== Segment start ==

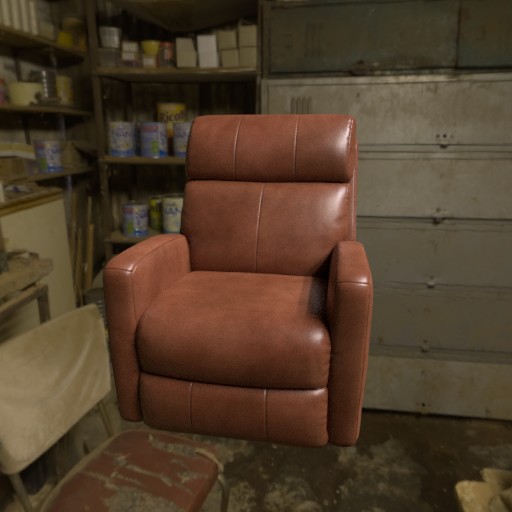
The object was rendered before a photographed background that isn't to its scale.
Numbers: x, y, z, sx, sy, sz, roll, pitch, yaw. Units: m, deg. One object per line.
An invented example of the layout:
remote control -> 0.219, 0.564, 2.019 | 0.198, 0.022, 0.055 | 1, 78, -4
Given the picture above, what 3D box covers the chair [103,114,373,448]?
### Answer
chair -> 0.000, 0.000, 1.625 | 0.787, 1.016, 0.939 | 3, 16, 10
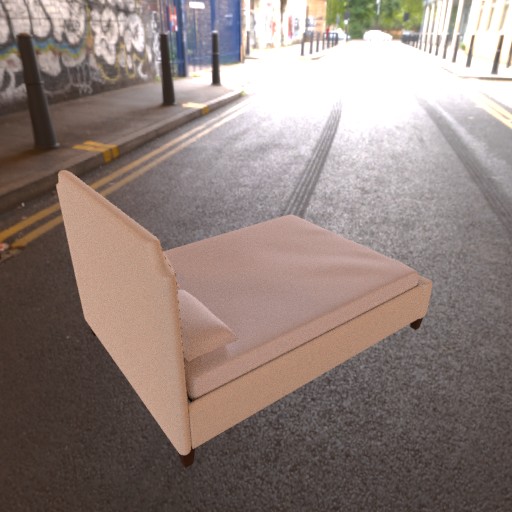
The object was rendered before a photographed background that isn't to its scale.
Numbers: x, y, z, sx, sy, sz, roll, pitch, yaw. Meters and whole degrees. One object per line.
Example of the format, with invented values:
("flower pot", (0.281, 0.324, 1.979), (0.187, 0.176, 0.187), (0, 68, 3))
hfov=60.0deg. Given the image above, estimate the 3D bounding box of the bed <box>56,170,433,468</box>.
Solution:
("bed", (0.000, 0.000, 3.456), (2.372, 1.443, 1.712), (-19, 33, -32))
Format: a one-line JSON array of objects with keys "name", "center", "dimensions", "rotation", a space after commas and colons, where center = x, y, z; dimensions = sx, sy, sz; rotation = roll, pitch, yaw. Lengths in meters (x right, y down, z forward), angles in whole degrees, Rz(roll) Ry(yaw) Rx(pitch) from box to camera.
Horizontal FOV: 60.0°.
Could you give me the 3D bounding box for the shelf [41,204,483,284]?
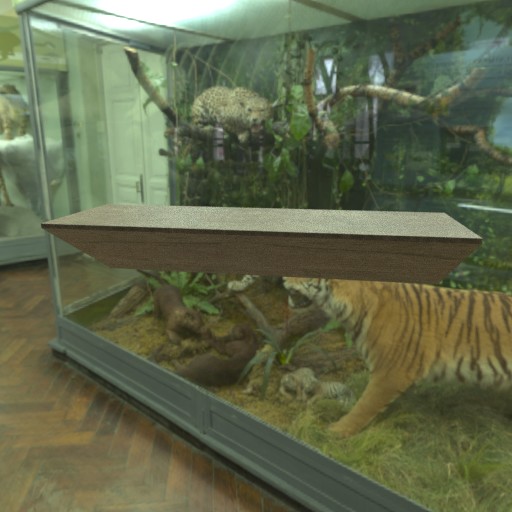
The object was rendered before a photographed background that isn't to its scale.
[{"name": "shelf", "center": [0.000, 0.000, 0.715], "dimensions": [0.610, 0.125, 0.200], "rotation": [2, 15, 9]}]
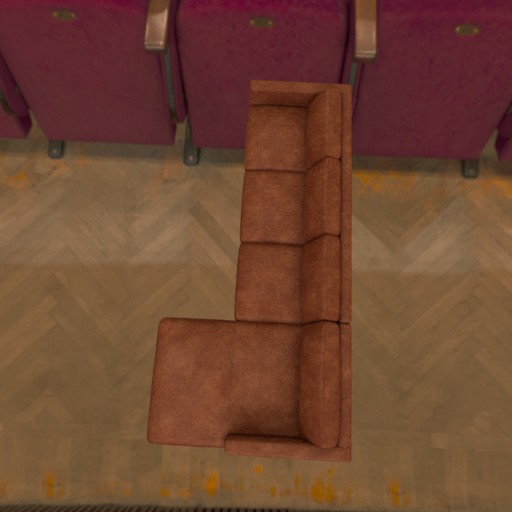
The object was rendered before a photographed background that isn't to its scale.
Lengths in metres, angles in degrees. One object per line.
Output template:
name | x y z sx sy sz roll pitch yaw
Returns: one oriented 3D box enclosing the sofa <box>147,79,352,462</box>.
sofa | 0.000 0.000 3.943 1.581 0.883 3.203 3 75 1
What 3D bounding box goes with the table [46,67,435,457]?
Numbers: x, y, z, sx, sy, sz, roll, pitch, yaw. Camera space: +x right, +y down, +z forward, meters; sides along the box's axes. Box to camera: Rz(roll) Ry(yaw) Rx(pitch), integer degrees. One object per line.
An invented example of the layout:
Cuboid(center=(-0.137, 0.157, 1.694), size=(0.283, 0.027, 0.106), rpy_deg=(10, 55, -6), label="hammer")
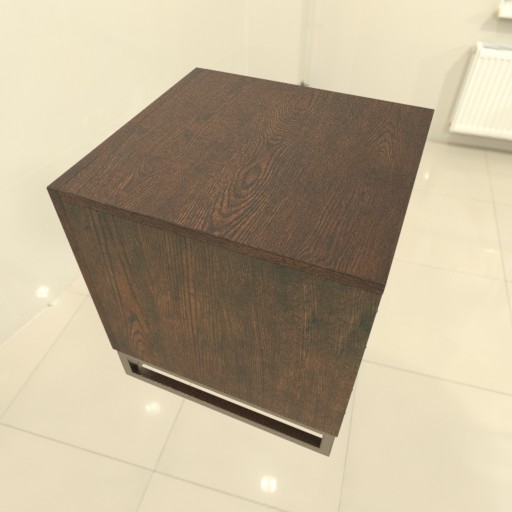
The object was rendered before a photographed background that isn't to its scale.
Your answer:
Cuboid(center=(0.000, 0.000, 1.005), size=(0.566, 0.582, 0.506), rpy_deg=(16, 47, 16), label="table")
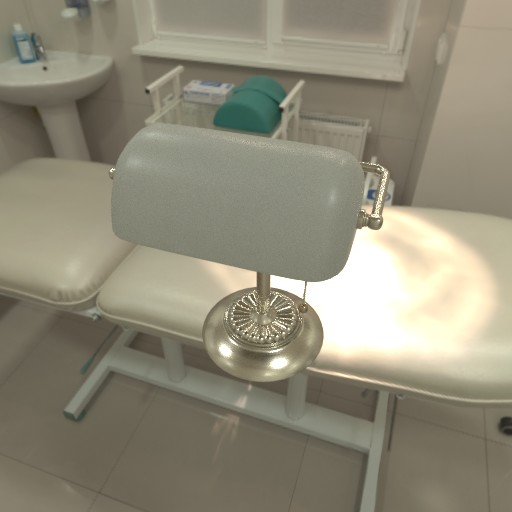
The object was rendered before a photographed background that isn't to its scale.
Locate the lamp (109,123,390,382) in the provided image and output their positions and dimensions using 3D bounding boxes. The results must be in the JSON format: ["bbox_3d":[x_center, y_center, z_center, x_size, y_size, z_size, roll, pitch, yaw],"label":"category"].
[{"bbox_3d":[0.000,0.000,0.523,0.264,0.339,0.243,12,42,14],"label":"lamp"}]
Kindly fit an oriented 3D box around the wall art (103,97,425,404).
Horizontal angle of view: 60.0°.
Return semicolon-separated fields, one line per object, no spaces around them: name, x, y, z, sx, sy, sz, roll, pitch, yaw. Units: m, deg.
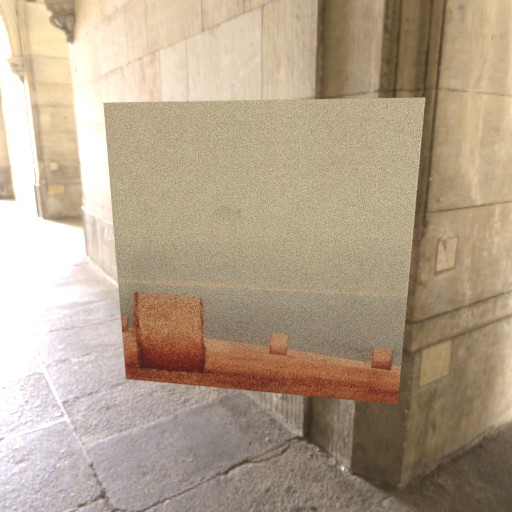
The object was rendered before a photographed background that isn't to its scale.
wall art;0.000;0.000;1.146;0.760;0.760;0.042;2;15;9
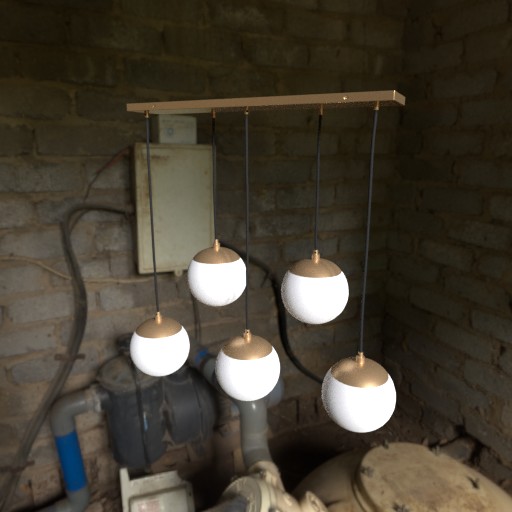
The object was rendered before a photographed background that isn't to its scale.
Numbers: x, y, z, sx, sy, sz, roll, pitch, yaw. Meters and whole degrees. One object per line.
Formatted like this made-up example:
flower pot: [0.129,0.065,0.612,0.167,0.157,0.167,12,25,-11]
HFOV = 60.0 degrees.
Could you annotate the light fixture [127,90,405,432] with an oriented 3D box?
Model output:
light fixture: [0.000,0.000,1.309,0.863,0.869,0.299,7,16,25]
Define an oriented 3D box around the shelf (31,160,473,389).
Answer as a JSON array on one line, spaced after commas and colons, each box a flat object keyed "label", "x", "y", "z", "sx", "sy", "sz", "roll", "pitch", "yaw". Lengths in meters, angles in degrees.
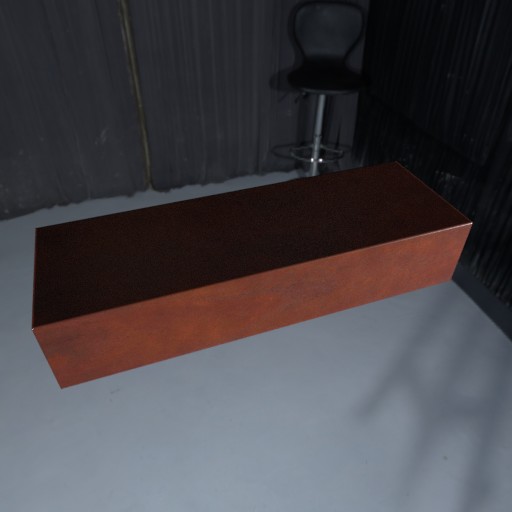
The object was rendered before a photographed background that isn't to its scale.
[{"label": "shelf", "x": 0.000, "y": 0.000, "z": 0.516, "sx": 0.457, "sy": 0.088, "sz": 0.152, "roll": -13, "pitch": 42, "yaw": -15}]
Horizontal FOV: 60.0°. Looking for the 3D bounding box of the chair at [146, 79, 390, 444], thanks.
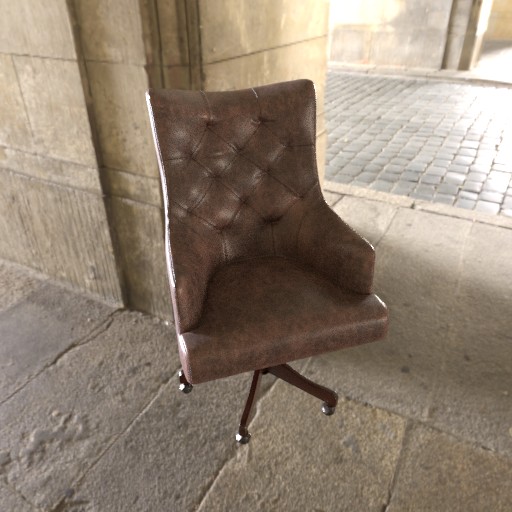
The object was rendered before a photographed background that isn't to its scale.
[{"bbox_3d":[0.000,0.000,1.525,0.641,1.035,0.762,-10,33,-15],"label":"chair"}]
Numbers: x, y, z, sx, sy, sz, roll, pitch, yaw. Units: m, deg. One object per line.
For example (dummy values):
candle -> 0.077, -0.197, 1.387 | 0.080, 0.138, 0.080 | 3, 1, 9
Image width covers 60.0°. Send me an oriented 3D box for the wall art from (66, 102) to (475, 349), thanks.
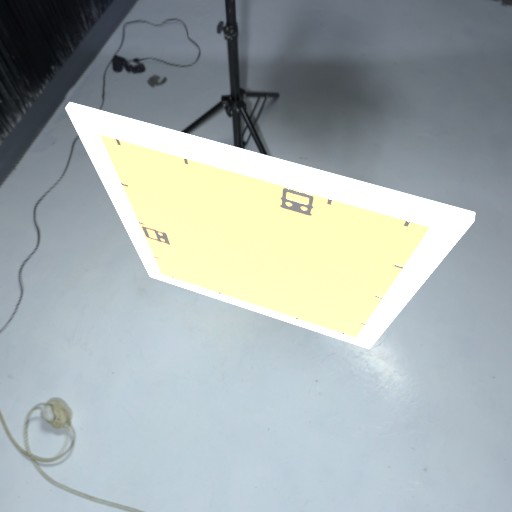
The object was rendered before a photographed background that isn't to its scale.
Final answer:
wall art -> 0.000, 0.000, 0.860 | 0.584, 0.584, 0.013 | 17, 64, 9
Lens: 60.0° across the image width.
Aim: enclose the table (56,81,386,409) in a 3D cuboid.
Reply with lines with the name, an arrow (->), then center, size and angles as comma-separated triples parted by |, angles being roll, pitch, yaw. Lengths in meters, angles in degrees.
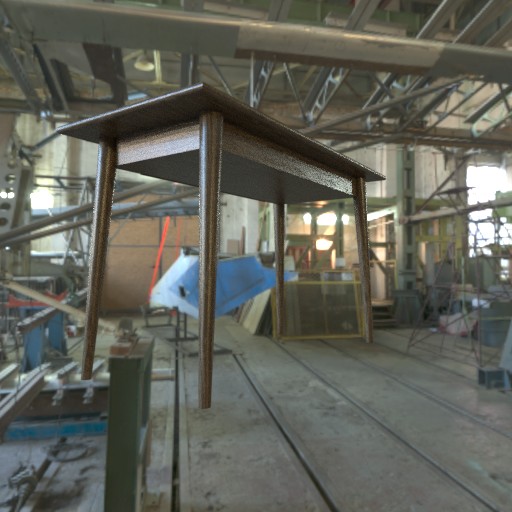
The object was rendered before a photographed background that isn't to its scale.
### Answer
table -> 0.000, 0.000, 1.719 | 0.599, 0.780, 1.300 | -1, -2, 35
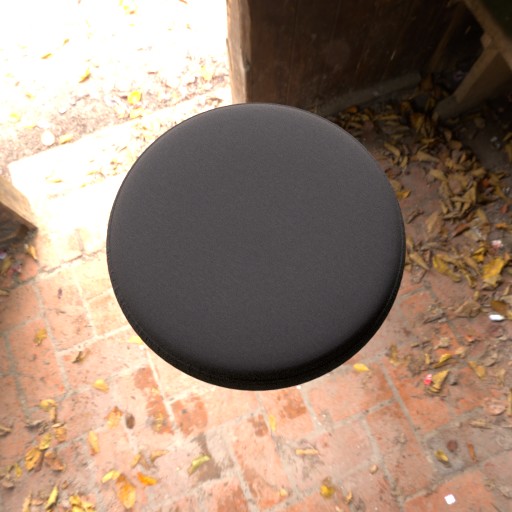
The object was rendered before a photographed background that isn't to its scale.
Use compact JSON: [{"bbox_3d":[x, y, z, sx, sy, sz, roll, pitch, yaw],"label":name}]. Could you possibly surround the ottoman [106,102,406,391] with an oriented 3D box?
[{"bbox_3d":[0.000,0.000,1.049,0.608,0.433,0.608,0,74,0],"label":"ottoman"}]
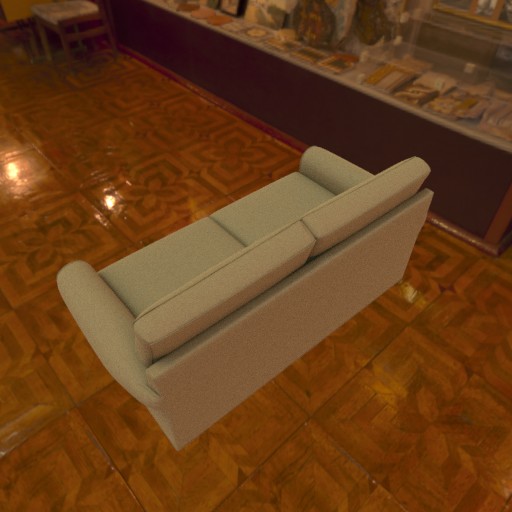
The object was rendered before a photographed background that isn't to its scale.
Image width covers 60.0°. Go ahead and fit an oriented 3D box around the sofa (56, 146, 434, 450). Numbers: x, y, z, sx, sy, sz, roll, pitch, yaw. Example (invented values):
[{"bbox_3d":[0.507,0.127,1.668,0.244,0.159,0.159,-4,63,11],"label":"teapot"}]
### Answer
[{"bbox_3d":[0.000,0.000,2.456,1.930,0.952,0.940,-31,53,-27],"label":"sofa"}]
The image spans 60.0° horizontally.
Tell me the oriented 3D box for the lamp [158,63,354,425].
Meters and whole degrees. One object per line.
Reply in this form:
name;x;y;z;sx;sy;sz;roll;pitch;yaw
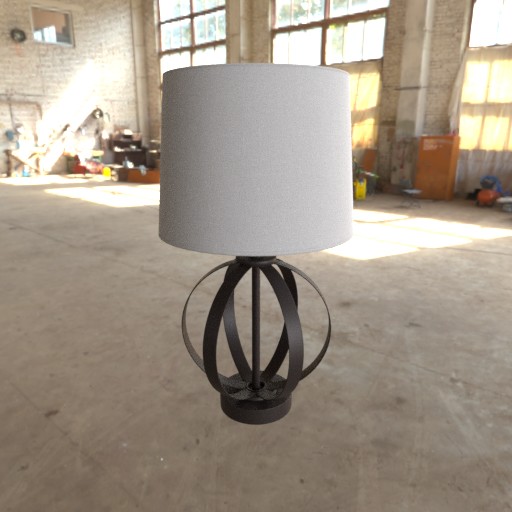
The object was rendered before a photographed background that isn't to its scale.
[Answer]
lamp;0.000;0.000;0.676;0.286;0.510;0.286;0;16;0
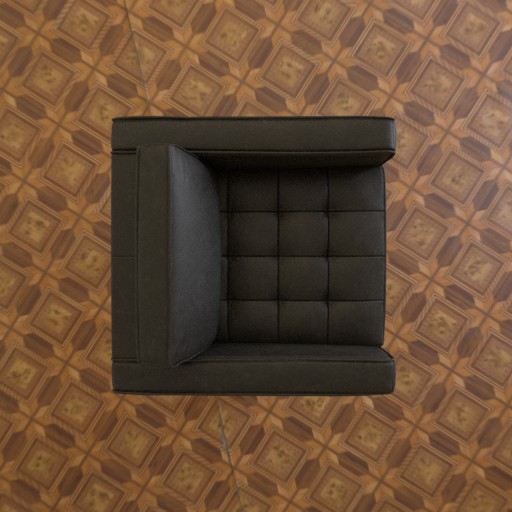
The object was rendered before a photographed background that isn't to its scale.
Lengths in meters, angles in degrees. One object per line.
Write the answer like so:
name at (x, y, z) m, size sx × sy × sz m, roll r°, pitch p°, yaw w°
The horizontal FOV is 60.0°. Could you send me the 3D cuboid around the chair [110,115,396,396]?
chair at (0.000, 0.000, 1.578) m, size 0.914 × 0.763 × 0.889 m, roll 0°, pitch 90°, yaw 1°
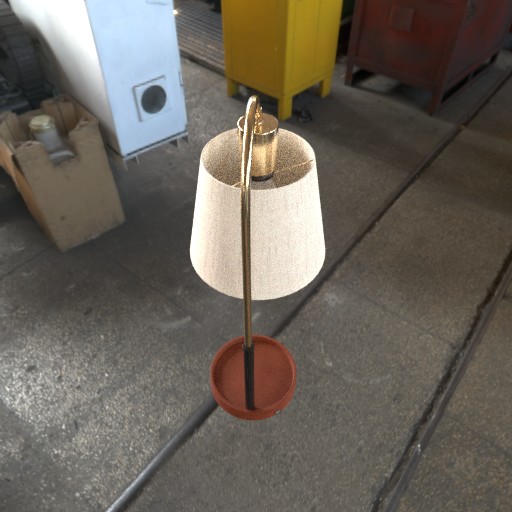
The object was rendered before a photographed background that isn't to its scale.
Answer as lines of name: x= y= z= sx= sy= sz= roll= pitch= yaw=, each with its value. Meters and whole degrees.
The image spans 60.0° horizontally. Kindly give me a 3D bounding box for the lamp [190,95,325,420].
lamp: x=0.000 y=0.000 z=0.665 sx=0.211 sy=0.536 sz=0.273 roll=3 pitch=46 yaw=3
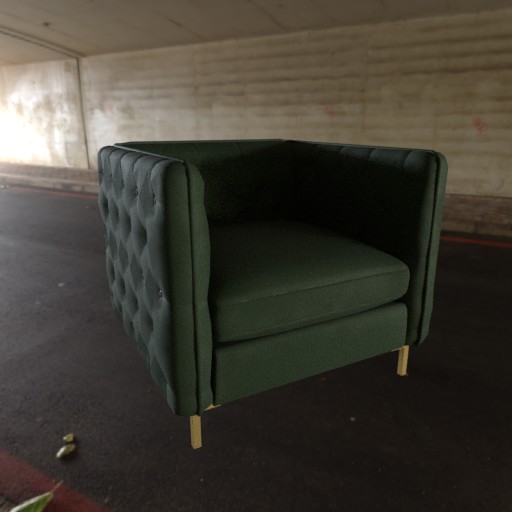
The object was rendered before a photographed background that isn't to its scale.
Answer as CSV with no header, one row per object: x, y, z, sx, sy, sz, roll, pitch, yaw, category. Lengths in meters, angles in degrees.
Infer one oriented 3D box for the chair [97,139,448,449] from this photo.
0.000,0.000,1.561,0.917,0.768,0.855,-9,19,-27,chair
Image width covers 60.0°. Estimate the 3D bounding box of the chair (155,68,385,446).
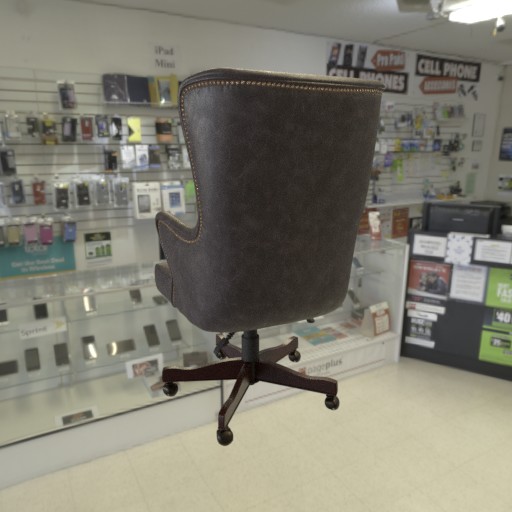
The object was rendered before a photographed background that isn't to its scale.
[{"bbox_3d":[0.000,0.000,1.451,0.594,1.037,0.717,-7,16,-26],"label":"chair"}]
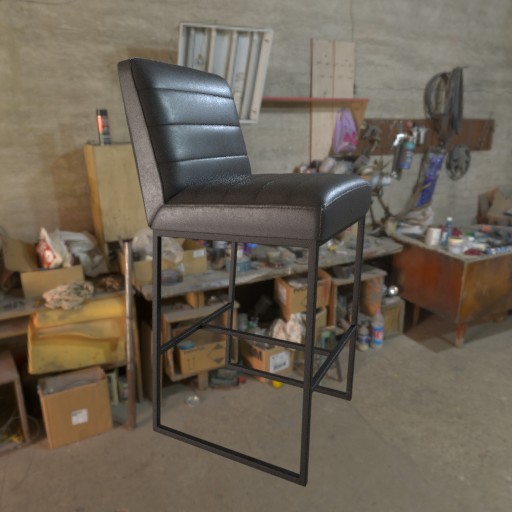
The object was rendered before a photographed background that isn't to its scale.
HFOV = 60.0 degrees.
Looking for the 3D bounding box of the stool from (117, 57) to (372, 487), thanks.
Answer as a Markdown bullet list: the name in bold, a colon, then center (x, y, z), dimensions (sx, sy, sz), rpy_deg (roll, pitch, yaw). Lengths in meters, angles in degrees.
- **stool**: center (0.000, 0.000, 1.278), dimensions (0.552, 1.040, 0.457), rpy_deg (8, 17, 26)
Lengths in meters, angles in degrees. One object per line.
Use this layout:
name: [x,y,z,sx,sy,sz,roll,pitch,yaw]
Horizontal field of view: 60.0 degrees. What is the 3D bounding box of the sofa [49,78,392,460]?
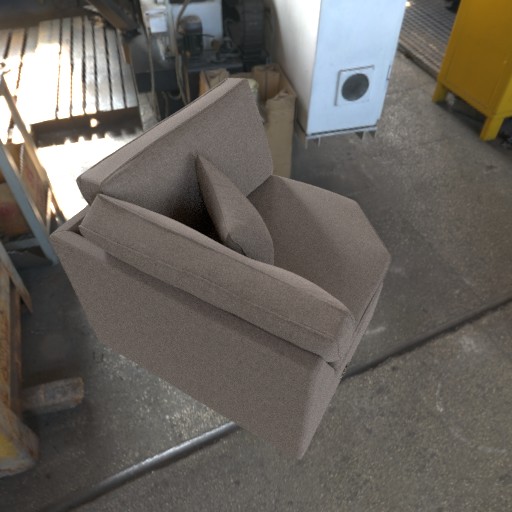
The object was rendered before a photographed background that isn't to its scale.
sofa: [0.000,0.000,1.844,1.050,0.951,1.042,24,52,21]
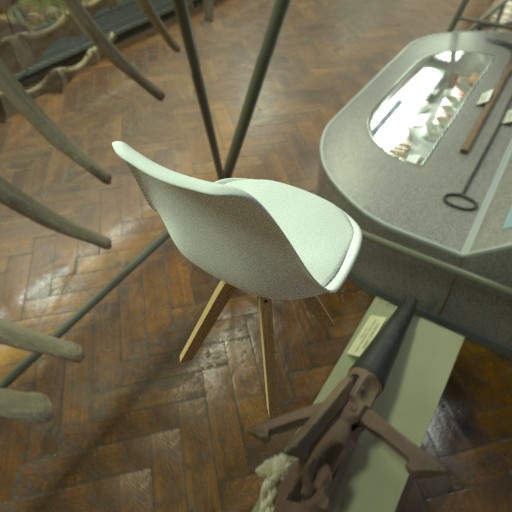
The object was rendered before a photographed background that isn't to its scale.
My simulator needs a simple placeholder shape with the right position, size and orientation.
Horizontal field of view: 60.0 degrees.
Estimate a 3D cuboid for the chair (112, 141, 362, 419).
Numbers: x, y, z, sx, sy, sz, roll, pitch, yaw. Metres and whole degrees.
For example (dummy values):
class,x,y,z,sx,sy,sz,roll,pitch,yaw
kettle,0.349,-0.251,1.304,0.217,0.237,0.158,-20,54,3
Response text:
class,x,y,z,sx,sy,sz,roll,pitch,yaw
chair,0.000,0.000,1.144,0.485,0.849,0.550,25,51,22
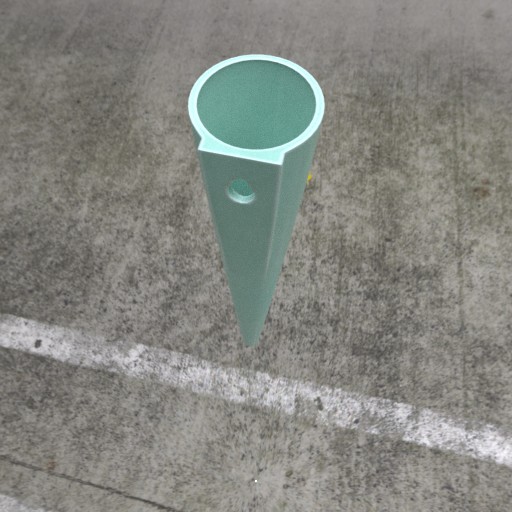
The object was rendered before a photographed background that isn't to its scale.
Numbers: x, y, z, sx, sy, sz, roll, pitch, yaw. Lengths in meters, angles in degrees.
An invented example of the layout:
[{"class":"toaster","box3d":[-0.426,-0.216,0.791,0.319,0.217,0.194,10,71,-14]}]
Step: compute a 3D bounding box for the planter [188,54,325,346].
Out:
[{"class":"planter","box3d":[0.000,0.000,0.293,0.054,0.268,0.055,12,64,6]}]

== Segment end ==

Work out how many lines of the listing above include "flower". Answer with the number and nothing more.

2